Aniridia is a rare inborn disorder in which the tissue that makes up the iris (the coloured part of the eye) is underdeveloped or completely missing. This means that the eye is not able to adjust to differing levels of light. Aniridia affects both eyes and causes poor vision and increased sensitivity to light. The disorder may be associated with other changes to other parts of the eye, either from birth or developing over time. Other senses may also be affected, including reduced sense of smell and taste, and hearing difficulties.

Aniridia is almost always caused by a mutation (change) in a gene named PAX6, which is involved in the development of the eye and other tissues. Patients may also have other genetic problems.

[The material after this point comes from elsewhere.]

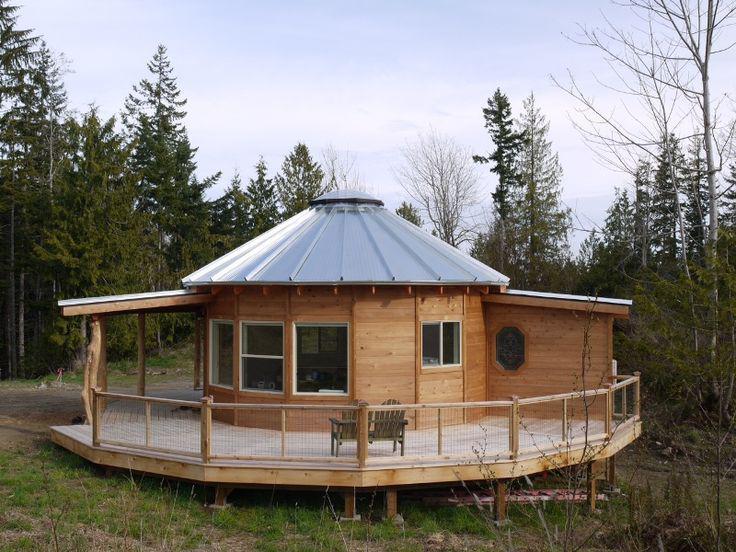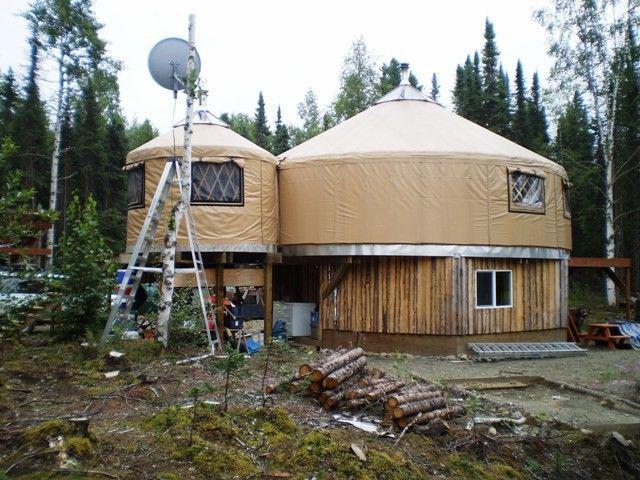The first image is the image on the left, the second image is the image on the right. Evaluate the accuracy of this statement regarding the images: "Two round houses are sitting in snowy areas.". Is it true? Answer yes or no. No. The first image is the image on the left, the second image is the image on the right. Evaluate the accuracy of this statement regarding the images: "An image shows side-by-side joined structures, both with cone/dome tops.". Is it true? Answer yes or no. Yes.

Aniridia is a long-term debilitating condition due to progressive loss of sight.

At the time of designation, aniridia affected approximately 0.2 in 10,000 people in the European Union (EU). This was equivalent to a total of around 10,000 people*, and is below the ceiling for orphan designation, which is 5 people in 10,000. This is based on the information provided by the sponsor and the knowledge of the Committee for Orphan Medicinal Products (COMP).

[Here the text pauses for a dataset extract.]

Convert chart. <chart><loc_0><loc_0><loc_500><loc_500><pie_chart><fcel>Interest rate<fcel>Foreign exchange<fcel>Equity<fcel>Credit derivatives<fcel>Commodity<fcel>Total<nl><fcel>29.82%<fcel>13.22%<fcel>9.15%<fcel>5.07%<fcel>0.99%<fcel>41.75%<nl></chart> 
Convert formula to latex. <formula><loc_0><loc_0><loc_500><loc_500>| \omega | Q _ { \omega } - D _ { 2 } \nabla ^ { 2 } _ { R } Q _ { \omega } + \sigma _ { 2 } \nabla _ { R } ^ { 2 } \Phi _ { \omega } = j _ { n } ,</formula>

*Disclaimer: For the purpose of the designation, the number of patients affected by the condition is estimated and assessed on the basis of data from the European Union (EU 28), Norway, Iceland and Liechtenstein. This represents a population of 512,900,000 (Eurostat 2015).

At the time of designation, no satisfactory method had been authorised in the EU to treat aniridia. Treatment of patients with aniridia primarily involved supportive treatments such as spectacles, tinted lenses to reduce damage to the retina, surgery for cataracts (a complication of aniridia) and measures to reduce increased pressure in the eye.

The PAX6 gene is responsible for producing a protein required for normal development of eye tissues, including the iris. Some patients with aniridia have a change in the PAX6 gene (a 'nonsense mutation') that leads to production of the protein being stopped short before it is complete. Ataluren works in these patients by enabling the protein-making apparatus in cells to move past the mutated gene, allowing the cells to produce a functional protein.

The effects of ataluren have been evaluated in experimental models.

At the time of submission of the application for orphan designation, no clinical trials with ataluren in patients with aniridia had been started.

Ataluren has been authorised as Translarna in the EU for the treatment of Duchenne muscular dystrophy due to a nonsense mutation.

At the time of submission, the medicine was not authorised anywhere in the EU for aniridia. Orphan designation for ataluren has been granted in the United States for this condition.

In accordance with Regulation (EC) No 141/2000 of 16 December 1999, the COMP adopted a positive opinion on 3 September 2015 recommending the granting of this designation.

• the seriousness of the condition;
• the existence of alternative methods of diagnosis, prevention or treatment;
• either the rarity of the condition (affecting not more than 5 in 10,000 people in the EU) or insufficient returns on investment.

Designated orphan medicinal products are products that are still under investigation and are considered for orphan designation on the basis of potential activity. An orphan designation is not a marketing authorisation. As a consequence, demonstration of quality, safety and efficacy is necessary before a product can be granted a marketing authorisation.